The Republican-led U.S. House of Representatives approved a resolution on Wednesday to block President Donald Trump from continuing the war against Iran.Kylie Cooper/Reuters
This is not the normal fare on Capitol Hill, where both chambers of Congress are controlled by Republicans and where GOP lawmakers have been faithful foot-soldiers in Donald Trump’s various wars.
But in a remarkable, and significant, expression of impatience that verged on rebellion, the House of Representatives voted to order Mr. Trump to cease the war in Iran, which he is waging without congressional approval.
The juxtaposition of the growing opposition to the war, the President’s falling approval ratings, persistent high gasoline prices and public concerns about inflation gave four Republicans the oxygen to cast a stunning rebuke to Mr. Trump and to give possible new shape to November’s midterm congressional elections. The final vote was 215 to 208.
Yet perhaps of more global consequence is that this sharp expression of disapproval of an American president came while Mr. Trump’s negotiators are engaged in critical talks with a wartime foe, potentially endangering the American position in those discussions.
There was no diminution in American, or more precisely Allied, resolve in the Second World War, one reason why Germany surrendered with little geopolitical capital to shape the postwar world. But American resolve in Vietnam three decades later was substantially eroded, significantly by demonstrations in the country’s streets but, perhaps as critically, or even more importantly, in the collapse of congressional approval for continuing the conflict.

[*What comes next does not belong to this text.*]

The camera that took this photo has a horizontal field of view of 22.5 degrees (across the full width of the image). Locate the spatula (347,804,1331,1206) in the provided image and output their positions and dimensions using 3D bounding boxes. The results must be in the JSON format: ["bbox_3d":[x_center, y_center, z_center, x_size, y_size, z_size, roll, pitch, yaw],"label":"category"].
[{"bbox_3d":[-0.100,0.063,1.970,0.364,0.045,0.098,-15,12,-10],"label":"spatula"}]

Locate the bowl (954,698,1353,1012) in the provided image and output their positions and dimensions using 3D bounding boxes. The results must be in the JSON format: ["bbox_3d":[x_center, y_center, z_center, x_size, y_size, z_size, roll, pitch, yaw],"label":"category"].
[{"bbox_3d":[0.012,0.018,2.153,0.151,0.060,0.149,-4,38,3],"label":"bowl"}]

There are few demonstrations in American streets this spring, but the combination of declining support for the war and a decline in congressional support stands as a threat to Mr. Trump as he seeks to preserve a Republican majority on Capitol Hill even as he seeks to assure a peace with Iran.
Adding to Mr. Trump’s challenge: satisfying as least some of the myriad goals he has set forth since the conflict began in late February. The multiplicity of those goals makes the satisfying of all of them, or at least a respectable fraction of them, more difficult.

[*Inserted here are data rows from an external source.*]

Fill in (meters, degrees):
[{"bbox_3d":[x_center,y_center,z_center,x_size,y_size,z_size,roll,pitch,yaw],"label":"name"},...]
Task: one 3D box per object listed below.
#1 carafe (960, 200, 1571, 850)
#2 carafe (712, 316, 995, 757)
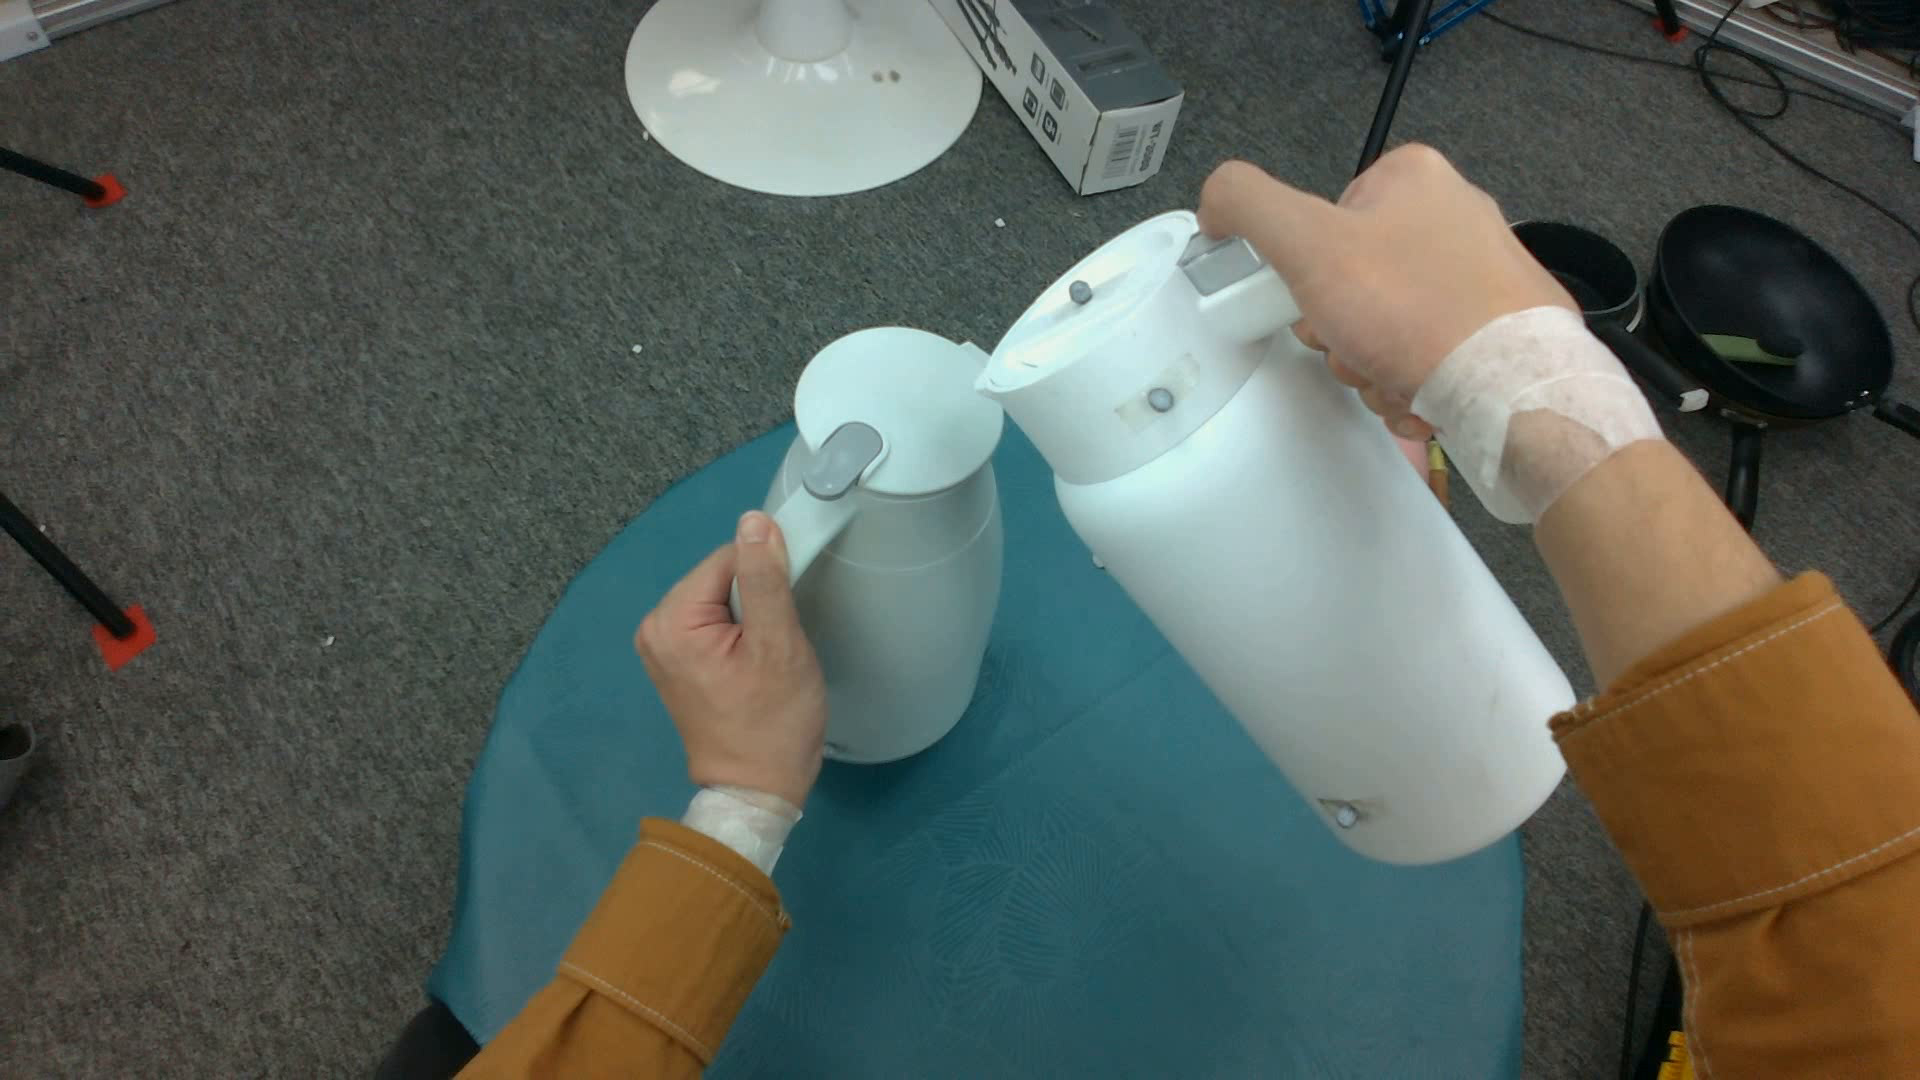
[{"bbox_3d":[0.139,-0.006,0.538,0.268,0.172,0.124,50,47,-19],"label":"carafe"},{"bbox_3d":[-0.055,0.012,0.683,0.132,0.247,0.168,36,60,14],"label":"carafe"}]
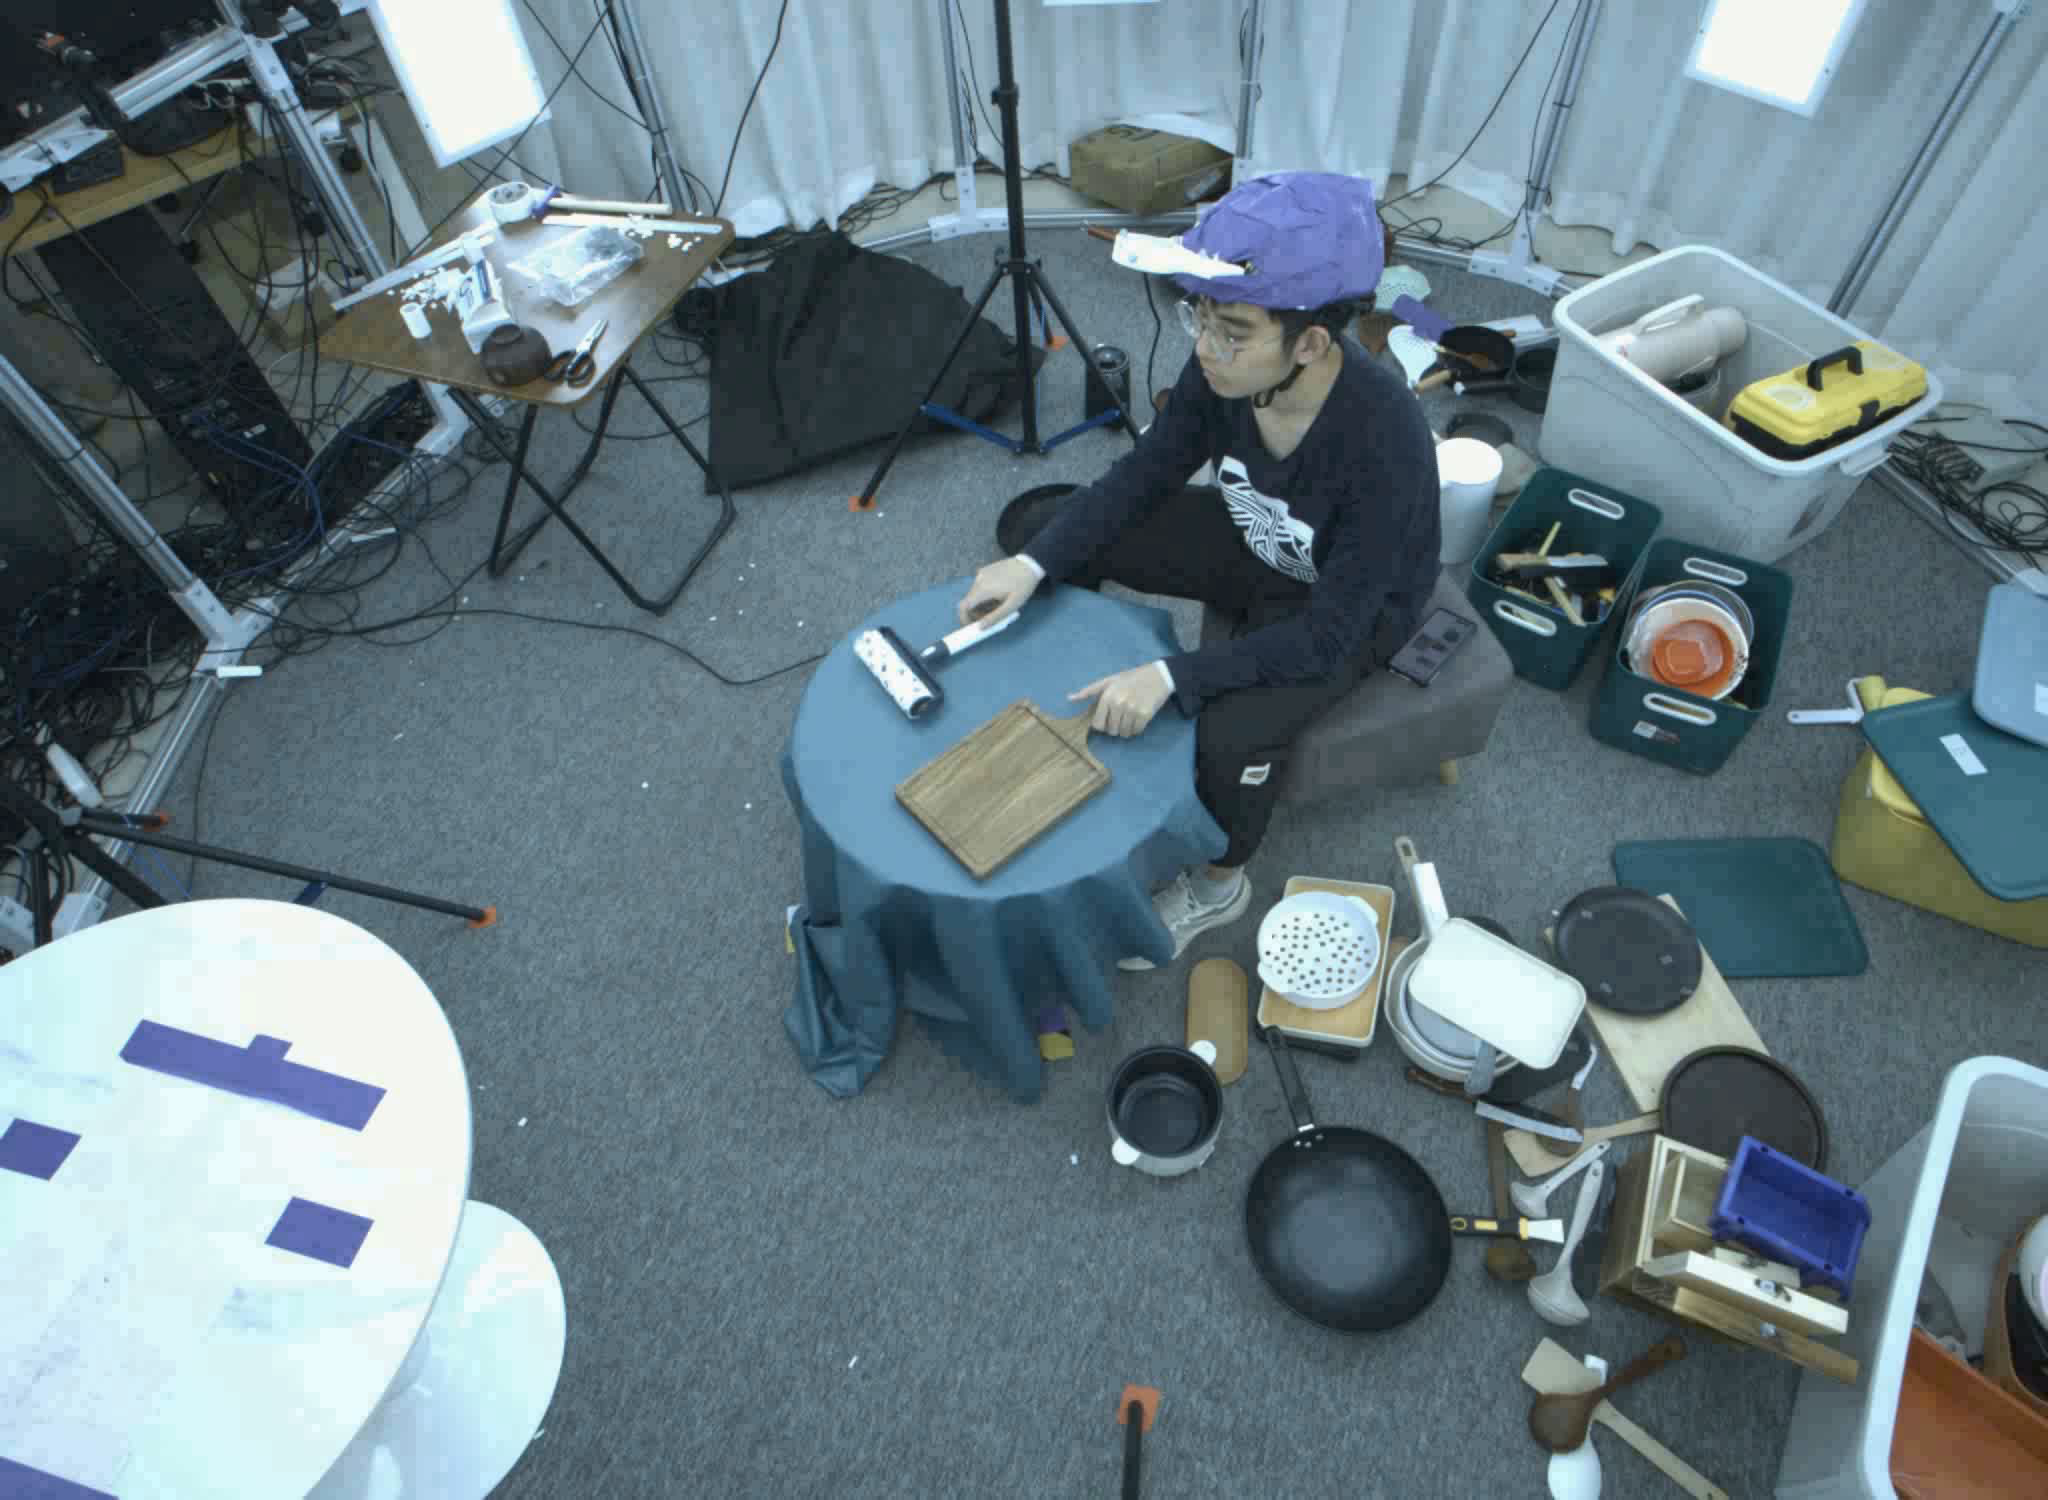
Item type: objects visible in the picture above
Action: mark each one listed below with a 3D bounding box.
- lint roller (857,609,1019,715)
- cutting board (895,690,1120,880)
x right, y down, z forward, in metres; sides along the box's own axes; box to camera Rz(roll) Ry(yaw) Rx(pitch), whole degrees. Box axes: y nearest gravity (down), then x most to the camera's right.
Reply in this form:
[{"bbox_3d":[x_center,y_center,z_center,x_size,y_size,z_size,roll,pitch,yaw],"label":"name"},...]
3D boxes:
[{"bbox_3d":[-0.115,-0.166,1.890,0.249,0.051,0.173,-30,58,-21],"label":"lint roller"},{"bbox_3d":[0.007,0.020,1.767,0.355,0.023,0.197,-37,62,-22],"label":"cutting board"}]

The practical implications of the House vote are murky. The Senate hasn’t approved a similar matter. Presidents often have defied Congress before, and there are ways, even under the War Powers Act, that Mr. Trump could continue military engagement.
Even so, according to Frank Zagare, a University of Buffalo specialist on foreign policy, “This puts the Trump administration in a very tricky position.” He added that if the Senate went along, “Unless they can come up with something creative, it suggests to me that the U.S. eventually may have to withdraw the blockade of the Strait of Hormuz.”
This Capitol Hill defeat for the President – it can be cast in no gentler terms – came after he barely escaped suffering a similar embarrassment two weeks ago, when House leaders put off a vote on a measure to curb Mr. Trump’s latitude in the Iran conflict. House Speaker Mike Johnson, who controls the traffic onto the floor of the chamber, pulled the measure out of worries about Republican defections.
Since then, Mr. Trump’s position with lawmakers has diminished measurably. Though MAGA-oriented Republicans whom he has endorsed generally have been victorious in this spring’s primary elections, that has not always been the case; just this week his choice for the Republican finalist in the race for the governor’s mansion on Des Moines’ Terrace Hill in Iowa, three-term Representative Randy Feenstra, was defeated.
But even his victorious choices, especially challenges to Senators John Cornyn of Texas and Bill Cassidy of Louisiana, have aggravated Republicans in Congress. The President’s interference in the primaries has liberated the lawmakers who have been defeated to vote against the President without fear of future retribution. It has also angered some of their colleagues, potentially freeing them to break with Mr. Trump. Some MAGA members of Congress, many of them opposed to the very kind of military action that Mr. Trump has engaged in this year in the Caribbean and the Middle East, already were nursing feelings of alienation.
This comes as a New York Times/Siena University poll showed that 64 per cent of Americans believed the decision to say yes to war in Iran was a mistake. Slightly more than a fifth of Republicans said they felt that way.
Besides the multiplicity of goals the Americans have – first regime change, then the opening of the Strait of Hormuz, followed by an end to Iranian support for surrogates in the region, and always an end to the country’s drive for a nuclear weapon – Mr. Trump also faces the determination of Iran’s leadership to win a symbolic if not a real victory over the most powerful military force in the world.
While the United States has been more successful in the conventional sphere of bombing and missile attacks, Iran has been successful in artfully using its position along the Strait, passageway of a fifth of the globe’s oil, as a weapon. By doing so, it focused the U.S. negotiators onto an issue – free passage of the seas, a bedrock American principle since the Barbary and Napoleonic wars of the early 19th century – that wasn’t present at the start of the conflict. The result temporarily pushed the nuclear issue from the centre of the war aims.
“There’s always the possibility that Trump may not pay much attention to this,” said Paul M. Collins, a political scientist at the University of Massachusetts, Amherst. “He’s been defying the norms of American politics since he became president.”